> [TASK REQUIREMENTS]: The answer must restate every entry below word for word.

GIVEN RECORDS section start

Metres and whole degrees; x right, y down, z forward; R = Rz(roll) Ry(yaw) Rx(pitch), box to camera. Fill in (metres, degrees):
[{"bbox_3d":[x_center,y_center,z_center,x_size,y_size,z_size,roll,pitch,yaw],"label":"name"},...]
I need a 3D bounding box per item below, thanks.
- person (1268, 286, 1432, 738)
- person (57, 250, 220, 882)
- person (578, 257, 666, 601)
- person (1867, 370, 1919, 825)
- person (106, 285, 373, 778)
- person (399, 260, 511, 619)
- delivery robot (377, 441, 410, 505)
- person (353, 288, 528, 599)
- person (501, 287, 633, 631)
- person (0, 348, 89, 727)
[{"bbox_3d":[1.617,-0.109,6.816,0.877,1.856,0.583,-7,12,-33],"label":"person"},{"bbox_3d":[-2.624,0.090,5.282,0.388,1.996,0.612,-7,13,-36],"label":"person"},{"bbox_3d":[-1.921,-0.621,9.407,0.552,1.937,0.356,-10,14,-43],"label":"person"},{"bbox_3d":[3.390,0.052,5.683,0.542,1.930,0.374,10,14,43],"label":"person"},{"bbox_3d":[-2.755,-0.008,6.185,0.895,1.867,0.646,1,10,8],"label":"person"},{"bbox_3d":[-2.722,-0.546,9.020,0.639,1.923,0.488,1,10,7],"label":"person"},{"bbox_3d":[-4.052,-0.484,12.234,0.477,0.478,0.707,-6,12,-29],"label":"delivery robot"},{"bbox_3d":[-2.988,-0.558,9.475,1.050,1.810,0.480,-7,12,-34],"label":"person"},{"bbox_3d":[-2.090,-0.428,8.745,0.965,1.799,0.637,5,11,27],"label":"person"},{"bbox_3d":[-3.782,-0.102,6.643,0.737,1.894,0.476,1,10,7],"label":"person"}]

GIVEN RECORDS section end

> [SOLVED PROBLEM]:
Metres and whole degrees; x right, y down, z forward; R = Rz(roll) Ry(yaw) Rx(pitch), box to camera. Fill in (metres, degrees):
[{"bbox_3d":[x_center,y_center,z_center,x_size,y_size,z_size,roll,pitch,yaw],"label":"name"},...]
I need a 3D bounding box per item below, thanks.
- person (1268, 286, 1432, 738)
- person (57, 250, 220, 882)
- person (578, 257, 666, 601)
- person (1867, 370, 1919, 825)
- person (106, 285, 373, 778)
- person (399, 260, 511, 619)
- delivery robot (377, 441, 410, 505)
- person (353, 288, 528, 599)
- person (501, 287, 633, 631)
- person (0, 348, 89, 727)
[{"bbox_3d":[1.617,-0.109,6.816,0.877,1.856,0.583,-7,12,-33],"label":"person"},{"bbox_3d":[-2.624,0.090,5.282,0.388,1.996,0.612,-7,13,-36],"label":"person"},{"bbox_3d":[-1.921,-0.621,9.407,0.552,1.937,0.356,-10,14,-43],"label":"person"},{"bbox_3d":[3.390,0.052,5.683,0.542,1.930,0.374,10,14,43],"label":"person"},{"bbox_3d":[-2.755,-0.008,6.185,0.895,1.867,0.646,1,10,8],"label":"person"},{"bbox_3d":[-2.722,-0.546,9.020,0.639,1.923,0.488,1,10,7],"label":"person"},{"bbox_3d":[-4.052,-0.484,12.234,0.477,0.478,0.707,-6,12,-29],"label":"delivery robot"},{"bbox_3d":[-2.988,-0.558,9.475,1.050,1.810,0.480,-7,12,-34],"label":"person"},{"bbox_3d":[-2.090,-0.428,8.745,0.965,1.799,0.637,5,11,27],"label":"person"},{"bbox_3d":[-3.782,-0.102,6.643,0.737,1.894,0.476,1,10,7],"label":"person"}]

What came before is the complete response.